Shortly after Hitler's death, Jamieson was reassigned to Charlie Company of the 90th Mortar Battalion, and eventually assigned as a guard in an Allied prison camp, where he remained until the end of his deployment.

==Historical contributions and preservation==
Upon returning from World War II, Jamieson become concerned that increasing use and culture surrounding radios in the United States would have a negative impact on the surviving musical and folk traditions of America. He teamed up with Margot Mayo, an accomplished folk musician in Tennessee, to preserve samples of musical styles and techniques with the 5-string banjo. Together, they amassed several hundred hours of audio recordings that have since been archived in the Library of Congress Folk Center that hold samples of music played with varying techniques and musical styles. These recordings serve as a historical reference for the folk styles that developed and spread in the Appalachian Mountains. The styles are characteristic of Scots-Irish, Anglo, African, and Native musical styles which have influenced American folk music in rural areas since the development of banjos by African slaves in the 18th century.

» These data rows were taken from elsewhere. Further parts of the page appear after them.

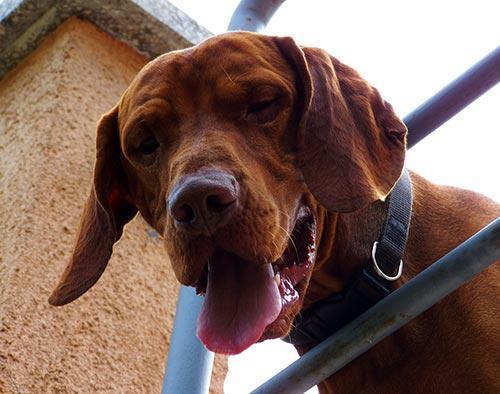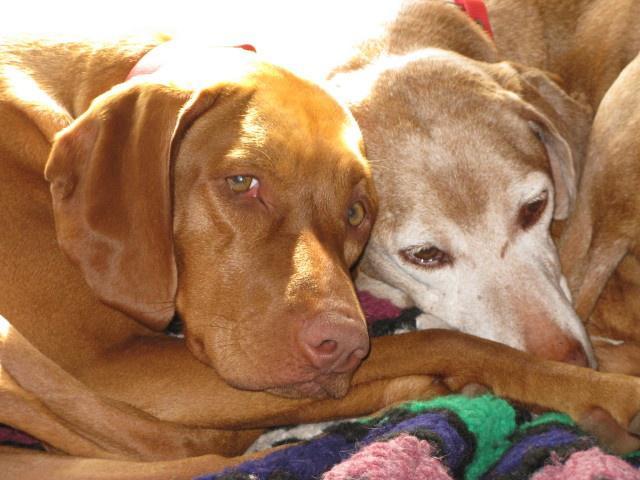The first image is the image on the left, the second image is the image on the right. Given the left and right images, does the statement "Two dogs are looking into the camera." hold true? Answer yes or no. Yes. The first image is the image on the left, the second image is the image on the right. Given the left and right images, does the statement "The left image includes at least one extended paw in the foreground, and a collar worn by a reclining dog." hold true? Answer yes or no. No. 
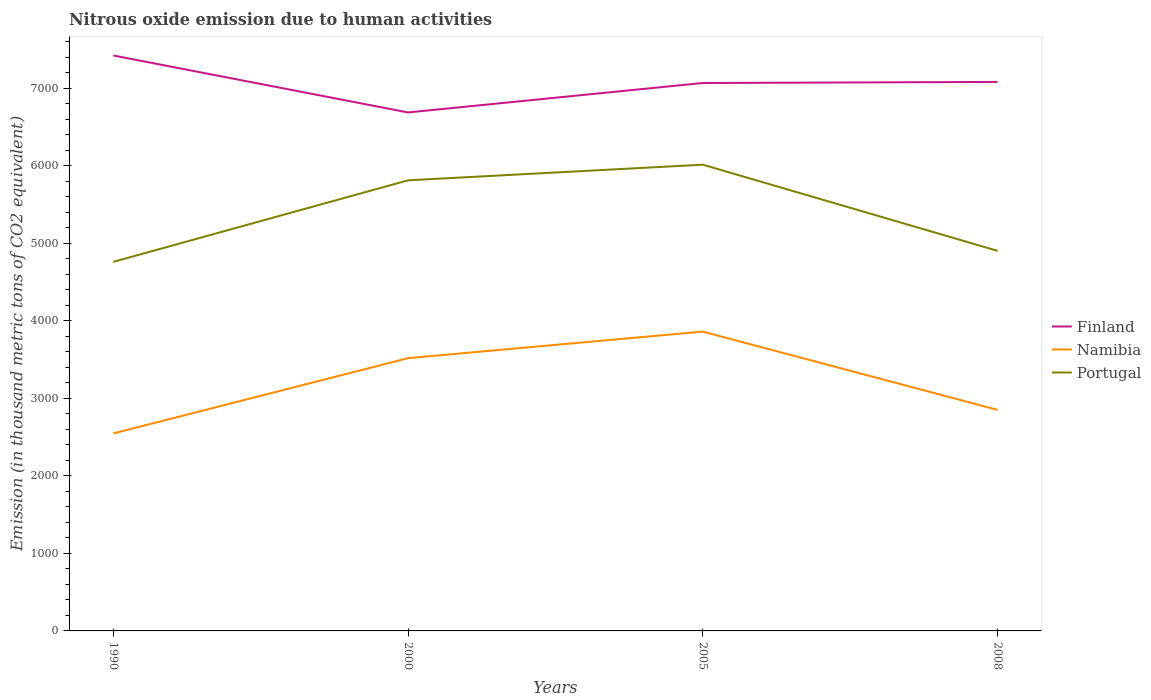Does the line corresponding to Namibia intersect with the line corresponding to Portugal?
Offer a terse response. No. Is the number of lines equal to the number of legend labels?
Provide a short and direct response. Yes. Across all years, what is the maximum amount of nitrous oxide emitted in Portugal?
Your answer should be compact. 4760.8. What is the total amount of nitrous oxide emitted in Namibia in the graph?
Ensure brevity in your answer.  -971.4. What is the difference between the highest and the second highest amount of nitrous oxide emitted in Portugal?
Your answer should be compact. 1253.4. Is the amount of nitrous oxide emitted in Namibia strictly greater than the amount of nitrous oxide emitted in Finland over the years?
Offer a terse response. Yes. How many lines are there?
Make the answer very short. 3. How many years are there in the graph?
Offer a very short reply. 4. What is the difference between two consecutive major ticks on the Y-axis?
Give a very brief answer. 1000. Are the values on the major ticks of Y-axis written in scientific E-notation?
Your answer should be compact. No. Does the graph contain any zero values?
Ensure brevity in your answer.  No. Where does the legend appear in the graph?
Ensure brevity in your answer.  Center right. How are the legend labels stacked?
Keep it short and to the point. Vertical. What is the title of the graph?
Provide a short and direct response. Nitrous oxide emission due to human activities. Does "Mongolia" appear as one of the legend labels in the graph?
Your answer should be very brief. No. What is the label or title of the X-axis?
Offer a very short reply. Years. What is the label or title of the Y-axis?
Offer a terse response. Emission (in thousand metric tons of CO2 equivalent). What is the Emission (in thousand metric tons of CO2 equivalent) of Finland in 1990?
Provide a short and direct response. 7423. What is the Emission (in thousand metric tons of CO2 equivalent) in Namibia in 1990?
Your answer should be very brief. 2547.1. What is the Emission (in thousand metric tons of CO2 equivalent) of Portugal in 1990?
Keep it short and to the point. 4760.8. What is the Emission (in thousand metric tons of CO2 equivalent) in Finland in 2000?
Offer a very short reply. 6688.1. What is the Emission (in thousand metric tons of CO2 equivalent) of Namibia in 2000?
Your response must be concise. 3518.5. What is the Emission (in thousand metric tons of CO2 equivalent) in Portugal in 2000?
Provide a short and direct response. 5812.6. What is the Emission (in thousand metric tons of CO2 equivalent) in Finland in 2005?
Provide a succinct answer. 7068. What is the Emission (in thousand metric tons of CO2 equivalent) of Namibia in 2005?
Offer a terse response. 3861.2. What is the Emission (in thousand metric tons of CO2 equivalent) in Portugal in 2005?
Your response must be concise. 6014.2. What is the Emission (in thousand metric tons of CO2 equivalent) of Finland in 2008?
Make the answer very short. 7081.9. What is the Emission (in thousand metric tons of CO2 equivalent) of Namibia in 2008?
Provide a succinct answer. 2851.2. What is the Emission (in thousand metric tons of CO2 equivalent) of Portugal in 2008?
Give a very brief answer. 4902.8. Across all years, what is the maximum Emission (in thousand metric tons of CO2 equivalent) of Finland?
Provide a succinct answer. 7423. Across all years, what is the maximum Emission (in thousand metric tons of CO2 equivalent) of Namibia?
Provide a succinct answer. 3861.2. Across all years, what is the maximum Emission (in thousand metric tons of CO2 equivalent) in Portugal?
Ensure brevity in your answer.  6014.2. Across all years, what is the minimum Emission (in thousand metric tons of CO2 equivalent) of Finland?
Ensure brevity in your answer.  6688.1. Across all years, what is the minimum Emission (in thousand metric tons of CO2 equivalent) in Namibia?
Your answer should be very brief. 2547.1. Across all years, what is the minimum Emission (in thousand metric tons of CO2 equivalent) of Portugal?
Your answer should be very brief. 4760.8. What is the total Emission (in thousand metric tons of CO2 equivalent) in Finland in the graph?
Provide a short and direct response. 2.83e+04. What is the total Emission (in thousand metric tons of CO2 equivalent) of Namibia in the graph?
Make the answer very short. 1.28e+04. What is the total Emission (in thousand metric tons of CO2 equivalent) of Portugal in the graph?
Your response must be concise. 2.15e+04. What is the difference between the Emission (in thousand metric tons of CO2 equivalent) of Finland in 1990 and that in 2000?
Provide a short and direct response. 734.9. What is the difference between the Emission (in thousand metric tons of CO2 equivalent) in Namibia in 1990 and that in 2000?
Ensure brevity in your answer.  -971.4. What is the difference between the Emission (in thousand metric tons of CO2 equivalent) in Portugal in 1990 and that in 2000?
Your answer should be compact. -1051.8. What is the difference between the Emission (in thousand metric tons of CO2 equivalent) in Finland in 1990 and that in 2005?
Keep it short and to the point. 355. What is the difference between the Emission (in thousand metric tons of CO2 equivalent) of Namibia in 1990 and that in 2005?
Provide a short and direct response. -1314.1. What is the difference between the Emission (in thousand metric tons of CO2 equivalent) of Portugal in 1990 and that in 2005?
Provide a succinct answer. -1253.4. What is the difference between the Emission (in thousand metric tons of CO2 equivalent) in Finland in 1990 and that in 2008?
Offer a very short reply. 341.1. What is the difference between the Emission (in thousand metric tons of CO2 equivalent) of Namibia in 1990 and that in 2008?
Keep it short and to the point. -304.1. What is the difference between the Emission (in thousand metric tons of CO2 equivalent) of Portugal in 1990 and that in 2008?
Give a very brief answer. -142. What is the difference between the Emission (in thousand metric tons of CO2 equivalent) of Finland in 2000 and that in 2005?
Ensure brevity in your answer.  -379.9. What is the difference between the Emission (in thousand metric tons of CO2 equivalent) of Namibia in 2000 and that in 2005?
Your answer should be very brief. -342.7. What is the difference between the Emission (in thousand metric tons of CO2 equivalent) of Portugal in 2000 and that in 2005?
Make the answer very short. -201.6. What is the difference between the Emission (in thousand metric tons of CO2 equivalent) in Finland in 2000 and that in 2008?
Keep it short and to the point. -393.8. What is the difference between the Emission (in thousand metric tons of CO2 equivalent) of Namibia in 2000 and that in 2008?
Ensure brevity in your answer.  667.3. What is the difference between the Emission (in thousand metric tons of CO2 equivalent) of Portugal in 2000 and that in 2008?
Your answer should be compact. 909.8. What is the difference between the Emission (in thousand metric tons of CO2 equivalent) of Finland in 2005 and that in 2008?
Offer a very short reply. -13.9. What is the difference between the Emission (in thousand metric tons of CO2 equivalent) of Namibia in 2005 and that in 2008?
Provide a succinct answer. 1010. What is the difference between the Emission (in thousand metric tons of CO2 equivalent) in Portugal in 2005 and that in 2008?
Ensure brevity in your answer.  1111.4. What is the difference between the Emission (in thousand metric tons of CO2 equivalent) of Finland in 1990 and the Emission (in thousand metric tons of CO2 equivalent) of Namibia in 2000?
Provide a short and direct response. 3904.5. What is the difference between the Emission (in thousand metric tons of CO2 equivalent) in Finland in 1990 and the Emission (in thousand metric tons of CO2 equivalent) in Portugal in 2000?
Your answer should be compact. 1610.4. What is the difference between the Emission (in thousand metric tons of CO2 equivalent) of Namibia in 1990 and the Emission (in thousand metric tons of CO2 equivalent) of Portugal in 2000?
Your response must be concise. -3265.5. What is the difference between the Emission (in thousand metric tons of CO2 equivalent) of Finland in 1990 and the Emission (in thousand metric tons of CO2 equivalent) of Namibia in 2005?
Keep it short and to the point. 3561.8. What is the difference between the Emission (in thousand metric tons of CO2 equivalent) of Finland in 1990 and the Emission (in thousand metric tons of CO2 equivalent) of Portugal in 2005?
Offer a very short reply. 1408.8. What is the difference between the Emission (in thousand metric tons of CO2 equivalent) of Namibia in 1990 and the Emission (in thousand metric tons of CO2 equivalent) of Portugal in 2005?
Provide a succinct answer. -3467.1. What is the difference between the Emission (in thousand metric tons of CO2 equivalent) in Finland in 1990 and the Emission (in thousand metric tons of CO2 equivalent) in Namibia in 2008?
Your answer should be compact. 4571.8. What is the difference between the Emission (in thousand metric tons of CO2 equivalent) in Finland in 1990 and the Emission (in thousand metric tons of CO2 equivalent) in Portugal in 2008?
Keep it short and to the point. 2520.2. What is the difference between the Emission (in thousand metric tons of CO2 equivalent) of Namibia in 1990 and the Emission (in thousand metric tons of CO2 equivalent) of Portugal in 2008?
Ensure brevity in your answer.  -2355.7. What is the difference between the Emission (in thousand metric tons of CO2 equivalent) in Finland in 2000 and the Emission (in thousand metric tons of CO2 equivalent) in Namibia in 2005?
Ensure brevity in your answer.  2826.9. What is the difference between the Emission (in thousand metric tons of CO2 equivalent) of Finland in 2000 and the Emission (in thousand metric tons of CO2 equivalent) of Portugal in 2005?
Provide a succinct answer. 673.9. What is the difference between the Emission (in thousand metric tons of CO2 equivalent) of Namibia in 2000 and the Emission (in thousand metric tons of CO2 equivalent) of Portugal in 2005?
Keep it short and to the point. -2495.7. What is the difference between the Emission (in thousand metric tons of CO2 equivalent) in Finland in 2000 and the Emission (in thousand metric tons of CO2 equivalent) in Namibia in 2008?
Keep it short and to the point. 3836.9. What is the difference between the Emission (in thousand metric tons of CO2 equivalent) in Finland in 2000 and the Emission (in thousand metric tons of CO2 equivalent) in Portugal in 2008?
Your answer should be compact. 1785.3. What is the difference between the Emission (in thousand metric tons of CO2 equivalent) of Namibia in 2000 and the Emission (in thousand metric tons of CO2 equivalent) of Portugal in 2008?
Give a very brief answer. -1384.3. What is the difference between the Emission (in thousand metric tons of CO2 equivalent) of Finland in 2005 and the Emission (in thousand metric tons of CO2 equivalent) of Namibia in 2008?
Provide a succinct answer. 4216.8. What is the difference between the Emission (in thousand metric tons of CO2 equivalent) of Finland in 2005 and the Emission (in thousand metric tons of CO2 equivalent) of Portugal in 2008?
Provide a short and direct response. 2165.2. What is the difference between the Emission (in thousand metric tons of CO2 equivalent) in Namibia in 2005 and the Emission (in thousand metric tons of CO2 equivalent) in Portugal in 2008?
Provide a succinct answer. -1041.6. What is the average Emission (in thousand metric tons of CO2 equivalent) in Finland per year?
Your answer should be compact. 7065.25. What is the average Emission (in thousand metric tons of CO2 equivalent) of Namibia per year?
Your response must be concise. 3194.5. What is the average Emission (in thousand metric tons of CO2 equivalent) of Portugal per year?
Make the answer very short. 5372.6. In the year 1990, what is the difference between the Emission (in thousand metric tons of CO2 equivalent) in Finland and Emission (in thousand metric tons of CO2 equivalent) in Namibia?
Your answer should be compact. 4875.9. In the year 1990, what is the difference between the Emission (in thousand metric tons of CO2 equivalent) in Finland and Emission (in thousand metric tons of CO2 equivalent) in Portugal?
Offer a very short reply. 2662.2. In the year 1990, what is the difference between the Emission (in thousand metric tons of CO2 equivalent) of Namibia and Emission (in thousand metric tons of CO2 equivalent) of Portugal?
Give a very brief answer. -2213.7. In the year 2000, what is the difference between the Emission (in thousand metric tons of CO2 equivalent) of Finland and Emission (in thousand metric tons of CO2 equivalent) of Namibia?
Your response must be concise. 3169.6. In the year 2000, what is the difference between the Emission (in thousand metric tons of CO2 equivalent) in Finland and Emission (in thousand metric tons of CO2 equivalent) in Portugal?
Give a very brief answer. 875.5. In the year 2000, what is the difference between the Emission (in thousand metric tons of CO2 equivalent) in Namibia and Emission (in thousand metric tons of CO2 equivalent) in Portugal?
Offer a terse response. -2294.1. In the year 2005, what is the difference between the Emission (in thousand metric tons of CO2 equivalent) in Finland and Emission (in thousand metric tons of CO2 equivalent) in Namibia?
Make the answer very short. 3206.8. In the year 2005, what is the difference between the Emission (in thousand metric tons of CO2 equivalent) in Finland and Emission (in thousand metric tons of CO2 equivalent) in Portugal?
Your answer should be very brief. 1053.8. In the year 2005, what is the difference between the Emission (in thousand metric tons of CO2 equivalent) of Namibia and Emission (in thousand metric tons of CO2 equivalent) of Portugal?
Your answer should be compact. -2153. In the year 2008, what is the difference between the Emission (in thousand metric tons of CO2 equivalent) in Finland and Emission (in thousand metric tons of CO2 equivalent) in Namibia?
Give a very brief answer. 4230.7. In the year 2008, what is the difference between the Emission (in thousand metric tons of CO2 equivalent) in Finland and Emission (in thousand metric tons of CO2 equivalent) in Portugal?
Provide a succinct answer. 2179.1. In the year 2008, what is the difference between the Emission (in thousand metric tons of CO2 equivalent) in Namibia and Emission (in thousand metric tons of CO2 equivalent) in Portugal?
Give a very brief answer. -2051.6. What is the ratio of the Emission (in thousand metric tons of CO2 equivalent) of Finland in 1990 to that in 2000?
Provide a short and direct response. 1.11. What is the ratio of the Emission (in thousand metric tons of CO2 equivalent) of Namibia in 1990 to that in 2000?
Ensure brevity in your answer.  0.72. What is the ratio of the Emission (in thousand metric tons of CO2 equivalent) in Portugal in 1990 to that in 2000?
Provide a short and direct response. 0.82. What is the ratio of the Emission (in thousand metric tons of CO2 equivalent) of Finland in 1990 to that in 2005?
Your answer should be very brief. 1.05. What is the ratio of the Emission (in thousand metric tons of CO2 equivalent) of Namibia in 1990 to that in 2005?
Your response must be concise. 0.66. What is the ratio of the Emission (in thousand metric tons of CO2 equivalent) of Portugal in 1990 to that in 2005?
Your response must be concise. 0.79. What is the ratio of the Emission (in thousand metric tons of CO2 equivalent) of Finland in 1990 to that in 2008?
Make the answer very short. 1.05. What is the ratio of the Emission (in thousand metric tons of CO2 equivalent) of Namibia in 1990 to that in 2008?
Provide a short and direct response. 0.89. What is the ratio of the Emission (in thousand metric tons of CO2 equivalent) in Finland in 2000 to that in 2005?
Offer a very short reply. 0.95. What is the ratio of the Emission (in thousand metric tons of CO2 equivalent) of Namibia in 2000 to that in 2005?
Keep it short and to the point. 0.91. What is the ratio of the Emission (in thousand metric tons of CO2 equivalent) of Portugal in 2000 to that in 2005?
Keep it short and to the point. 0.97. What is the ratio of the Emission (in thousand metric tons of CO2 equivalent) of Namibia in 2000 to that in 2008?
Offer a terse response. 1.23. What is the ratio of the Emission (in thousand metric tons of CO2 equivalent) in Portugal in 2000 to that in 2008?
Offer a very short reply. 1.19. What is the ratio of the Emission (in thousand metric tons of CO2 equivalent) of Finland in 2005 to that in 2008?
Offer a very short reply. 1. What is the ratio of the Emission (in thousand metric tons of CO2 equivalent) in Namibia in 2005 to that in 2008?
Provide a short and direct response. 1.35. What is the ratio of the Emission (in thousand metric tons of CO2 equivalent) of Portugal in 2005 to that in 2008?
Provide a succinct answer. 1.23. What is the difference between the highest and the second highest Emission (in thousand metric tons of CO2 equivalent) in Finland?
Offer a very short reply. 341.1. What is the difference between the highest and the second highest Emission (in thousand metric tons of CO2 equivalent) of Namibia?
Make the answer very short. 342.7. What is the difference between the highest and the second highest Emission (in thousand metric tons of CO2 equivalent) in Portugal?
Offer a terse response. 201.6. What is the difference between the highest and the lowest Emission (in thousand metric tons of CO2 equivalent) of Finland?
Offer a terse response. 734.9. What is the difference between the highest and the lowest Emission (in thousand metric tons of CO2 equivalent) of Namibia?
Offer a terse response. 1314.1. What is the difference between the highest and the lowest Emission (in thousand metric tons of CO2 equivalent) of Portugal?
Provide a succinct answer. 1253.4.

The most extensive of Jamieson's and Mayo's work was designated "The Margaret Mayo Collection" in the Library of Congress, with an original copy residing in the Folk Center of the Library. It was published on 10-inch, 12-inch, 5-inch, and 7-inch tapes in the late 1940s, and contains dozens of hours of samples of music performed by multiple artists that display their varying play styles, including Murphy Gribble, an accomplished and prolific Appalachian banjo figure of the mid twentieth century that combined Anglo-Irish, French, German, Native American, and African musical traditions.

Jamieson produced many albums and collections of music, and many have since made their way into the Library of Congress archives, including titles such as "Anglo-American Song and Ballads," recorded in 1947. This collection strayed from Appalachian music styles and included folk music of the American folk music from various periods and settings. Among these were Sea Shanties, Western Cowboy Hymns, Mormon music from their Western migrations, Ballads of the Civil War, and Negro spirituals.

==List of works and collaborations==
- Banjos, Lamas, & Bagpipes, self-produced, 1996

Considered by Jamieson to be a culmination of his musical influences, this recording features musical styles of Anglo-American, Irish, Scottish, Chinese, African, Caribbean and Tibetan influences. Vocals are in English, Chinese, and Gaelic. Instruments include the five-string banjo, the harpsichord, fiddles, cellos, harmonica, and spoons. This recording has numerous examples of one of Jamieson's signature banjo-styles, known as frailing.
- Anglo American Songs and Ballads from the archive of folk song, Edited by Duncan Emrich, From the Library of Congress Archives, 1947

This collection various artists includes Sea shanties, music of Western expansion, Mormon musical tradition, Civil War ballads of both Union and Confederate origin, and Negro spirituals as well as work songs from the musical traditions of American slavery. 3 songs on this album, played by the King family are considered to be of an originally American style, with no European antecedents.
- Robert Stuart Jamieson Wire Recording, Library of Congress Archive, 1949

This album was created by Robert Jamieson and originally recorded on a wire spool in Campaign, Tennessee, hence its name. It features Murphy Gribble, who Jamieson considered to be one of the greatest banjo players of all time. This is the only solo recording of Murphy Gribble. It includes mainly dance tunes and African-American string band music.

- Margaret Mayo Collection, Library of Congress Archive, Recorded throughout the 1940s

Printed on 10", 12", 5", and 7" tapes in the 1940s, this collection served as a compilation of various banjo styles and methods of play for the sole purpose of historical preservation in the archives of the Library of Congress.